■ MATERIAL PROVIDED:
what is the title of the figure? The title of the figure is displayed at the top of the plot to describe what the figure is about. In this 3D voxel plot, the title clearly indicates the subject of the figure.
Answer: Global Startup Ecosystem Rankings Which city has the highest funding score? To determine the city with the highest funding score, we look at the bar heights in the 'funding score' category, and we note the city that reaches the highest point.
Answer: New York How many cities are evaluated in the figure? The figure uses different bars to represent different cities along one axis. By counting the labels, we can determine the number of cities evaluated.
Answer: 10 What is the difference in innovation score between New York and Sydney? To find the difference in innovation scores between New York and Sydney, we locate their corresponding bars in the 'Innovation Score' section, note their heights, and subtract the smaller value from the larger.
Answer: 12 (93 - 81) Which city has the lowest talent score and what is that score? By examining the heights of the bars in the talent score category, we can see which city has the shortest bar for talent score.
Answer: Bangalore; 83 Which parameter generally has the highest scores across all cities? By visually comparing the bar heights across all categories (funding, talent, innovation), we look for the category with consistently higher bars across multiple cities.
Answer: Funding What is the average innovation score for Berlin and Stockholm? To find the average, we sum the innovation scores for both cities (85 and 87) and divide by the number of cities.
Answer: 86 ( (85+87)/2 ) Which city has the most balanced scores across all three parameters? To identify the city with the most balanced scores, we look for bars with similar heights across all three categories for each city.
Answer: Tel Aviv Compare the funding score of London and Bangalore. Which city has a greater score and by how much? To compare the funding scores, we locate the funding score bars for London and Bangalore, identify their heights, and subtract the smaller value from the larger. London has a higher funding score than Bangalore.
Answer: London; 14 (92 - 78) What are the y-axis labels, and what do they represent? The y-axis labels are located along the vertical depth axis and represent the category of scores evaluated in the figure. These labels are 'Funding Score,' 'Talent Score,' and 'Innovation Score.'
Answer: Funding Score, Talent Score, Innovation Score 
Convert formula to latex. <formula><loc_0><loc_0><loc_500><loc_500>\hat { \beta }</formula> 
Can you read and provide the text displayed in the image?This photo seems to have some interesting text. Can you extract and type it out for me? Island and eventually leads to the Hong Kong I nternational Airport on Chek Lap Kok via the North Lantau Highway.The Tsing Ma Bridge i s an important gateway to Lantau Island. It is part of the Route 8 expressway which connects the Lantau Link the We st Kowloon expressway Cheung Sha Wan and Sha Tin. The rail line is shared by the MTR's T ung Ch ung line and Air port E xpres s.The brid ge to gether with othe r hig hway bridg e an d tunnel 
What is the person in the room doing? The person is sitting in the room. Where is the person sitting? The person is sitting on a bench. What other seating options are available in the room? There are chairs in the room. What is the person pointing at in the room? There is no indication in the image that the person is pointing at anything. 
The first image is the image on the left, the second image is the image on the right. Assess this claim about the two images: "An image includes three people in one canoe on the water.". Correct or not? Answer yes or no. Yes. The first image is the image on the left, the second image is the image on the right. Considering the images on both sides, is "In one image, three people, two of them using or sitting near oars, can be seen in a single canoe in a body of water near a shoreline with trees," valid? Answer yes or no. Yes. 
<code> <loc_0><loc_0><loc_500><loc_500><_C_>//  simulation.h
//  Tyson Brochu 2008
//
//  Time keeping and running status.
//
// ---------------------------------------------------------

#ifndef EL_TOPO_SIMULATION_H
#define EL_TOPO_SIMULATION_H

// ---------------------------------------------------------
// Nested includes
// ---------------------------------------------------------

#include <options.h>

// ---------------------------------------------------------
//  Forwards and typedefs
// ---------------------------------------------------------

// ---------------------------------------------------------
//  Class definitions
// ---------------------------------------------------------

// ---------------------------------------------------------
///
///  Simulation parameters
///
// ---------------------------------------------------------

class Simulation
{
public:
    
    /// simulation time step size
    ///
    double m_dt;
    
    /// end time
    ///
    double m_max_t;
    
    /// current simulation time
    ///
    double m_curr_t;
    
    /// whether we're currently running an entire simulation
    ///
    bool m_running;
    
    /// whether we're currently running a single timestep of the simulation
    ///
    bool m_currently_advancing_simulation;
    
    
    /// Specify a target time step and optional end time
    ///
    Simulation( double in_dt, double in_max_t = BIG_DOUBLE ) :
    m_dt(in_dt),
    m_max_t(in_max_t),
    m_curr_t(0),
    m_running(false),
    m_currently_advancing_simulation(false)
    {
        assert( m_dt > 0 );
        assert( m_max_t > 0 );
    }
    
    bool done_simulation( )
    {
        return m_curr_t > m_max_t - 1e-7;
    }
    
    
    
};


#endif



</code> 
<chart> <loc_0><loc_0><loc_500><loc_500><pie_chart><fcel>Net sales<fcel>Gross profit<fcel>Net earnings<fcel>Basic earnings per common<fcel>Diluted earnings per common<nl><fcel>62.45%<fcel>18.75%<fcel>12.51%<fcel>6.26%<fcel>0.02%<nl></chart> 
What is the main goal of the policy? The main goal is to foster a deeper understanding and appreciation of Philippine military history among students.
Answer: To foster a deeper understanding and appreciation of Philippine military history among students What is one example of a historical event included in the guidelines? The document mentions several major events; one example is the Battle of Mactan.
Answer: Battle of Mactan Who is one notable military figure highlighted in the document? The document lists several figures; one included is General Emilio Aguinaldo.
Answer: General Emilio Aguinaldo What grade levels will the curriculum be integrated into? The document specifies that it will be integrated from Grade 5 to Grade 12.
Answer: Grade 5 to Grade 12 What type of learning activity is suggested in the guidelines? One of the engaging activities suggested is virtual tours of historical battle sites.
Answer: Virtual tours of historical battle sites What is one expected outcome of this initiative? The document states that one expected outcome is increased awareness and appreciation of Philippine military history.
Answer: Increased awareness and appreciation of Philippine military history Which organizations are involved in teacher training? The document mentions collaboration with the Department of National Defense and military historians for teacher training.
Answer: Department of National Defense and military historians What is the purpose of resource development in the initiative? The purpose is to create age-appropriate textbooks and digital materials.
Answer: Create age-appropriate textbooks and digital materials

■ TASK PROMPT:
Write the data out again in full. Match it word for word.

■ RESPONSE AREA:
what is the title of the figure? The title of the figure is displayed at the top of the plot to describe what the figure is about. In this 3D voxel plot, the title clearly indicates the subject of the figure.
Answer: Global Startup Ecosystem Rankings Which city has the highest funding score? To determine the city with the highest funding score, we look at the bar heights in the 'funding score' category, and we note the city that reaches the highest point.
Answer: New York How many cities are evaluated in the figure? The figure uses different bars to represent different cities along one axis. By counting the labels, we can determine the number of cities evaluated.
Answer: 10 What is the difference in innovation score between New York and Sydney? To find the difference in innovation scores between New York and Sydney, we locate their corresponding bars in the 'Innovation Score' section, note their heights, and subtract the smaller value from the larger.
Answer: 12 (93 - 81) Which city has the lowest talent score and what is that score? By examining the heights of the bars in the talent score category, we can see which city has the shortest bar for talent score.
Answer: Bangalore; 83 Which parameter generally has the highest scores across all cities? By visually comparing the bar heights across all categories (funding, talent, innovation), we look for the category with consistently higher bars across multiple cities.
Answer: Funding What is the average innovation score for Berlin and Stockholm? To find the average, we sum the innovation scores for both cities (85 and 87) and divide by the number of cities.
Answer: 86 ( (85+87)/2 ) Which city has the most balanced scores across all three parameters? To identify the city with the most balanced scores, we look for bars with similar heights across all three categories for each city.
Answer: Tel Aviv Compare the funding score of London and Bangalore. Which city has a greater score and by how much? To compare the funding scores, we locate the funding score bars for London and Bangalore, identify their heights, and subtract the smaller value from the larger. London has a higher funding score than Bangalore.
Answer: London; 14 (92 - 78) What are the y-axis labels, and what do they represent? The y-axis labels are located along the vertical depth axis and represent the category of scores evaluated in the figure. These labels are 'Funding Score,' 'Talent Score,' and 'Innovation Score.'
Answer: Funding Score, Talent Score, Innovation Score 
Convert formula to latex. <formula><loc_0><loc_0><loc_500><loc_500>\hat { \beta }</formula> 
Can you read and provide the text displayed in the image?This photo seems to have some interesting text. Can you extract and type it out for me? Island and eventually leads to the Hong Kong I nternational Airport on Chek Lap Kok via the North Lantau Highway.The Tsing Ma Bridge i s an important gateway to Lantau Island. It is part of the Route 8 expressway which connects the Lantau Link the We st Kowloon expressway Cheung Sha Wan and Sha Tin. The rail line is shared by the MTR's T ung Ch ung line and Air port E xpres s.The brid ge to gether with othe r hig hway bridg e an d tunnel 
What is the person in the room doing? The person is sitting in the room. Where is the person sitting? The person is sitting on a bench. What other seating options are available in the room? There are chairs in the room. What is the person pointing at in the room? There is no indication in the image that the person is pointing at anything. 
The first image is the image on the left, the second image is the image on the right. Assess this claim about the two images: "An image includes three people in one canoe on the water.". Correct or not? Answer yes or no. Yes. The first image is the image on the left, the second image is the image on the right. Considering the images on both sides, is "In one image, three people, two of them using or sitting near oars, can be seen in a single canoe in a body of water near a shoreline with trees," valid? Answer yes or no. Yes. 
<code> <loc_0><loc_0><loc_500><loc_500><_C_>//  simulation.h
//  Tyson Brochu 2008
//
//  Time keeping and running status.
//
// ---------------------------------------------------------

#ifndef EL_TOPO_SIMULATION_H
#define EL_TOPO_SIMULATION_H

// ---------------------------------------------------------
// Nested includes
// ---------------------------------------------------------

#include <options.h>

// ---------------------------------------------------------
//  Forwards and typedefs
// ---------------------------------------------------------

// ---------------------------------------------------------
//  Class definitions
// ---------------------------------------------------------

// ---------------------------------------------------------
///
///  Simulation parameters
///
// ---------------------------------------------------------

class Simulation
{
public:
    
    /// simulation time step size
    ///
    double m_dt;
    
    /// end time
    ///
    double m_max_t;
    
    /// current simulation time
    ///
    double m_curr_t;
    
    /// whether we're currently running an entire simulation
    ///
    bool m_running;
    
    /// whether we're currently running a single timestep of the simulation
    ///
    bool m_currently_advancing_simulation;
    
    
    /// Specify a target time step and optional end time
    ///
    Simulation( double in_dt, double in_max_t = BIG_DOUBLE ) :
    m_dt(in_dt),
    m_max_t(in_max_t),
    m_curr_t(0),
    m_running(false),
    m_currently_advancing_simulation(false)
    {
        assert( m_dt > 0 );
        assert( m_max_t > 0 );
    }
    
    bool done_simulation( )
    {
        return m_curr_t > m_max_t - 1e-7;
    }
    
    
    
};


#endif



</code> 
<chart> <loc_0><loc_0><loc_500><loc_500><pie_chart><fcel>Net sales<fcel>Gross profit<fcel>Net earnings<fcel>Basic earnings per common<fcel>Diluted earnings per common<nl><fcel>62.45%<fcel>18.75%<fcel>12.51%<fcel>6.26%<fcel>0.02%<nl></chart> 
What is the main goal of the policy? The main goal is to foster a deeper understanding and appreciation of Philippine military history among students.
Answer: To foster a deeper understanding and appreciation of Philippine military history among students What is one example of a historical event included in the guidelines? The document mentions several major events; one example is the Battle of Mactan.
Answer: Battle of Mactan Who is one notable military figure highlighted in the document? The document lists several figures; one included is General Emilio Aguinaldo.
Answer: General Emilio Aguinaldo What grade levels will the curriculum be integrated into? The document specifies that it will be integrated from Grade 5 to Grade 12.
Answer: Grade 5 to Grade 12 What type of learning activity is suggested in the guidelines? One of the engaging activities suggested is virtual tours of historical battle sites.
Answer: Virtual tours of historical battle sites What is one expected outcome of this initiative? The document states that one expected outcome is increased awareness and appreciation of Philippine military history.
Answer: Increased awareness and appreciation of Philippine military history Which organizations are involved in teacher training? The document mentions collaboration with the Department of National Defense and military historians for teacher training.
Answer: Department of National Defense and military historians What is the purpose of resource development in the initiative? The purpose is to create age-appropriate textbooks and digital materials.
Answer: Create age-appropriate textbooks and digital materials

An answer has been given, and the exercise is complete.